I approached two of the smartest hackers I had worked with, and showed them a
very brief Keynote presentation followed by a demo of the concept I had been
working on part time over the last 6 months.

The Y-combinator application process prompted me to expedite my search for
other founders. I was originally planning on launching v.1 of the app before
approaching them. Take-aways from this:

 _It is tempting to get a co-founder quickly, if only to validate your idea.
That's fine, but don't approach potentials just because you believe there is a
high chance of them accepting. Always try to bring in the best people you
know.

_ Know that you can work well together. Often said, but it's still worth
repeating.

 _Presentations are great, but it's easier to convince someone to spend their
time on an idea when you back your presentation up with a demo. Regardless of
the outcome, you'll receive valuable feedback, and it's probably good practice
for when you meet VCs.

------
imperator
My current business partner went to the same highschool as I. He and I became
friends because of our love of ideas. We both looked to the future not just as
an amusing fiction, but as something we would create. So we were always
working on science projects, rail guns, etc.

My initial interest in applying to Ycomb came when a friend of my brother's
put an alert out to anyone who wanted to start a business on top of an idea he
had around OpenID. I expressed interest and after he discarded his idea, he
opted to join my project. However, the connection between he and I was far
looser, and eventually he left the group. Interestingly, a day before our
third left I told my brother that I had a feeling our third was going to
leave. Not particularly useful prescience, but I think it goes to show that if
you have a bad feeling about a relationship, you should listen to it.

------
zaidf
Back in high school I used to get small freelance projects. Every now and then
I would subcontract it. And I subcontracted one of the coding projects through
a rentacoder.com to what later turned into my partner. We just connected
really well and shared a passion to launch new things.

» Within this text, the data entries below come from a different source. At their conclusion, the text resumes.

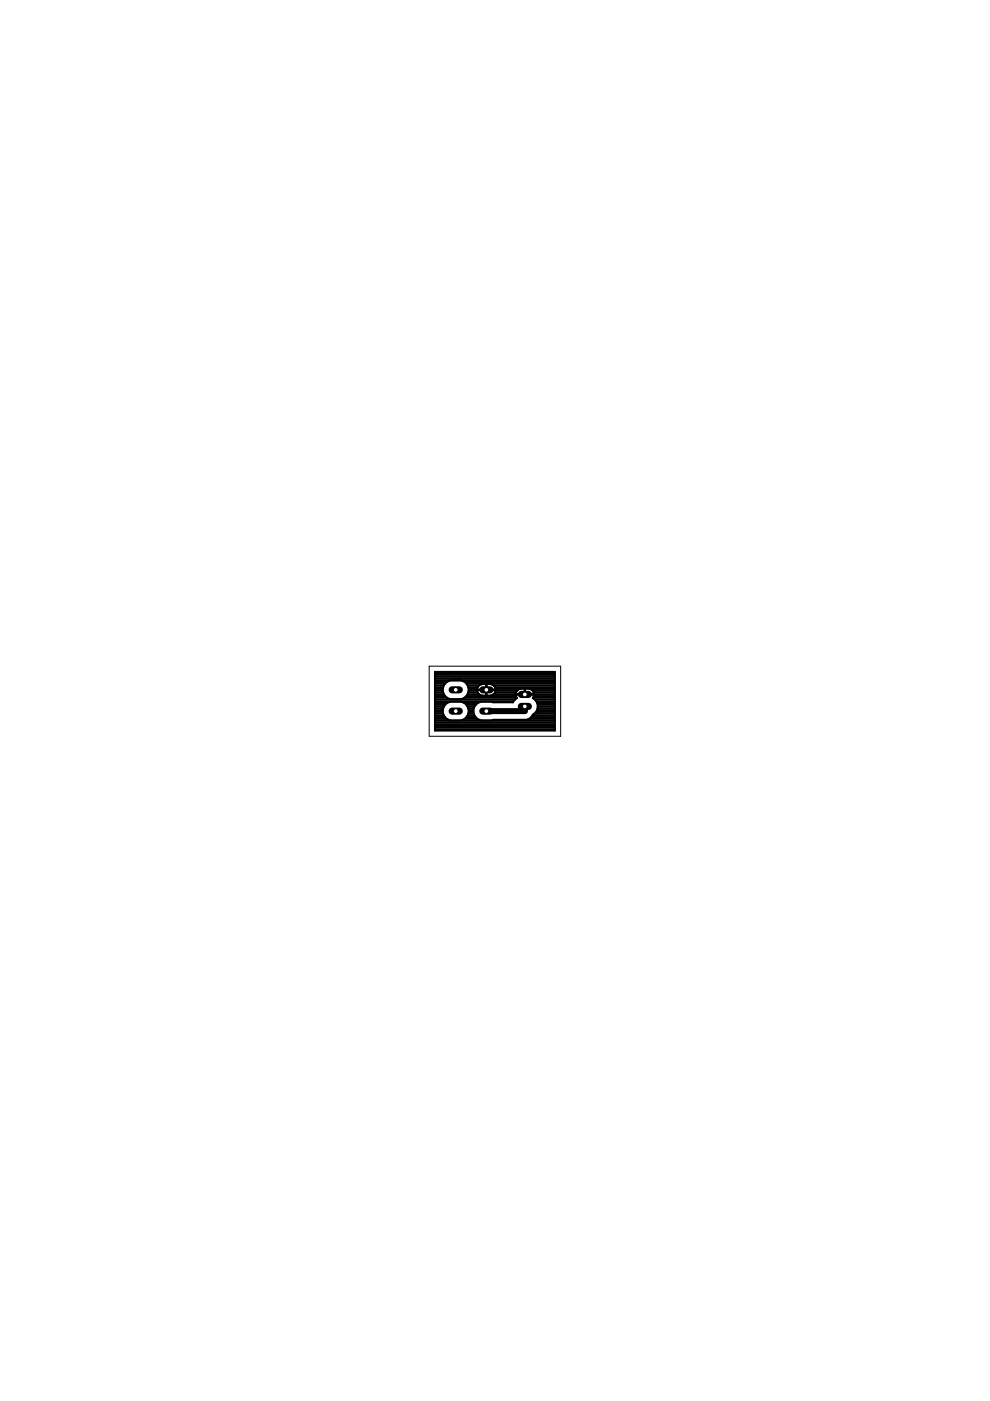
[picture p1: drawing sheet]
<svg xmlns="http://www.w3.org/2000/svg" width="210mm" height="297mm" viewBox="0 0 210 297" stroke-linecap="round" stroke-linejoin="round" font-family="sans-serif">
<g fill="none" stroke="#000" stroke-width=".42">
<path d="M92.2 142.5h25.4v12.4h-25.4zM92.2 147.2h1.9M92.2 154.7h25.4M92.2 154.3h25.4M92.2 153.9h25.4M92.2 153.5h25.4M92.2 153.2h25.4M92.2 152.8h25.4M92.2 152.4h2.5M92.2 152h2.2M92.2 151.7h1.9M92.2 151.3h1.8"/>
<path d="M92.2 150.9h1.7M92.2 150.6h1.7M92.2 150.2h1.8M92.2 149.8h1.9M92.2 149.4h2.2M92.2 149.1h2.6M92.2 148.7h16.6M92.2 148.3h17M92.2 147.9h2.6M92.2 147.6h2.2M92.2 146.8h1.8M92.2 146.5h1.7"/>
<path d="M92.2 146.1h1.7M92.2 145.7h1.8M92.2 145.3h1.9M92.2 144.9h2.2M92.2 144.6h2.5M92.2 144.2h25.4M92.2 143.8h25.4M92.2 143.5h25.4M92.2 143.1h25.4M92.2 142.7h25.4M94.7 152.4a2.03 2.03 0 0 1-.8-2 2.03 2.03 0 0 1 1.6-1.6h2.3a2.03 2.03 0 0 1 1.6 1.6 2.03 2.03 0 0 1-.9 2M94.7 144.6l.8-.3h2.3a2.02 2.02 0 0 1 1.6 2 2.02 2.02 0 0 1-1.6 1.9h-2.3a2.03 2.03 0 0 1-1.6-1.6 2.03 2.03 0 0 1 .8-2z"/>
<path d="M94.7 152.4l.8 .3h2.3l.7-.3M98.4 149.1h2.9M98.5 147.9h11M98.5 152.4h2.7M98.5 144.6h19.1M98.8 149.4h2.1M98.9 147.6h10.5M98.9 152h2M98.9 144.9h18.7M99.1 149.8h1.5M99.1 147.2h2.5M99.1 151.7h1.5"/>
<path d="M99.1 145.3h2.5M99.3 151.3h1.1M99.3 150.2h1.2M99.3 146.8h2M99.3 145.7h2M99.4 150.9h1M99.4 150.6h1M99.4 146.5h1.8M99.4 146.1h1.8M101.6 145.3l-.5 .9h4l-.2-.6-.2-.3M101.6 145.3l.7-.3h.8v2.5l-1-.1-.5-.2M103.1 147.2h.1"/>
<path d="M103.1 146.8h.1M103.1 146.5h.1M103.1 146.1h.1M103.1 145.7h.1M103.1 145.3h.1M104.6 147.2h13M104.7 145.3a1.55 1.55 0 0 0-1.5-.3v2.5h.8a1.23 1.23 0 0 0 1.1-1.2h-4l.1 .4 .4 .5M104.7 145.3h12.9M104.9 146.8h4.5M105 145.7h12.6M105.1 146.5h4.5M105.1 146.1h5.1"/>
<path d="M109.6 146.5l.5-.4 1.1-.1v1.3h-1.9l.3 .7-.8 .9-6.8-.1a2.02 2.02 0 0 0-1.6 1.6 2.02 2.02 0 0 0 .8 2M109.6 146.5l-.3 .7M111.2 146.8h.1M111.2 146.5h.1M111.2 146.1h.1M112.1 152.4h5.5M112.4 146.1h5.2M112.6 152h5M112.9 151.7h4.7M112.9 146.5h4.7M113 146.5l.2 .7M113 146.5a1.59 1.59 0 0 0-1.7-.5v1.3h1.9l-.2 .7a1.92 1.92 0 0 1 1 2.2"/>
<path d="M113 147.9h4.6M113.2 146.8h4.4M113.2 147.6h4.4M113.3 151.3h4.3M113.4 148.3h4.2M113.7 150.9h3.9M113.7 148.7h3.9M113.8 150.6h3.8M113.9 149.1h3.7M114 150.2l-.3 .7-.7 .6-.1 .3-.6 .5-.6 .3-9.7 .1-.8-.3M114 150.2h3.6M114 149.8h3.6"/>
<path d="M114 149.4h3.6"/>
</g>
<path d="M111.3 149.8v1h-8.2" fill="none" stroke="#000" stroke-width="1.3"/>
<path d="M95.9 146.3h1.5" fill="none" stroke="#000" stroke-width="1.5"/>
<circle cx="96.6" cy="146.3" r=".51" fill="#fff" stroke="#000" stroke-width=".21"/>
<path d="M95.9 150.8h1.5" fill="none" stroke="#000" stroke-width="1.5"/>
<circle cx="96.6" cy="150.8" r=".51" fill="#fff" stroke="#000" stroke-width=".21"/>
<path d="M102.4 146.3h1.5" fill="none" stroke="#000" stroke-width="1.5"/>
<circle cx="103.1" cy="146.3" r=".51" fill="#fff" stroke="#000" stroke-width=".21"/>
<path d="M102.4 150.8h1.5" fill="none" stroke="#000" stroke-width="1.5"/>
<circle cx="103.1" cy="150.8" r=".51" fill="#fff" stroke="#000" stroke-width=".21"/>
<path d="M110.5 147.2h1.5" fill="none" stroke="#000" stroke-width="1.5"/>
<circle cx="111.3" cy="147.2" r=".51" fill="#fff" stroke="#000" stroke-width=".21"/>
<path d="M110.5 149.8h1.5" fill="none" stroke="#000" stroke-width="1.5"/>
<circle cx="111.3" cy="149.8" r=".51" fill="#fff" stroke="#000" stroke-width=".21"/>
<path d="M91 141.2h27.9v14.9h-27.9z" fill="none" stroke="#000" stroke-width=".21"/>
</svg>

We've done quite a few ventures together in past 4-5 years with MSN chat being
our only line of communication:) If we get into YC he'll be flying up to US
and hey we might actually finally meet.

------
SteveC
I met mine through a mutal friend. He had the product idea and could do
everything needed except for the technical side of things. My name was
eventually brought up and I got a phone call later that night to go over the
idea. A week later I had a prototype version ready to demonstrate and we moved
on from there. That was 5 years ago and we're still business partners to this
day.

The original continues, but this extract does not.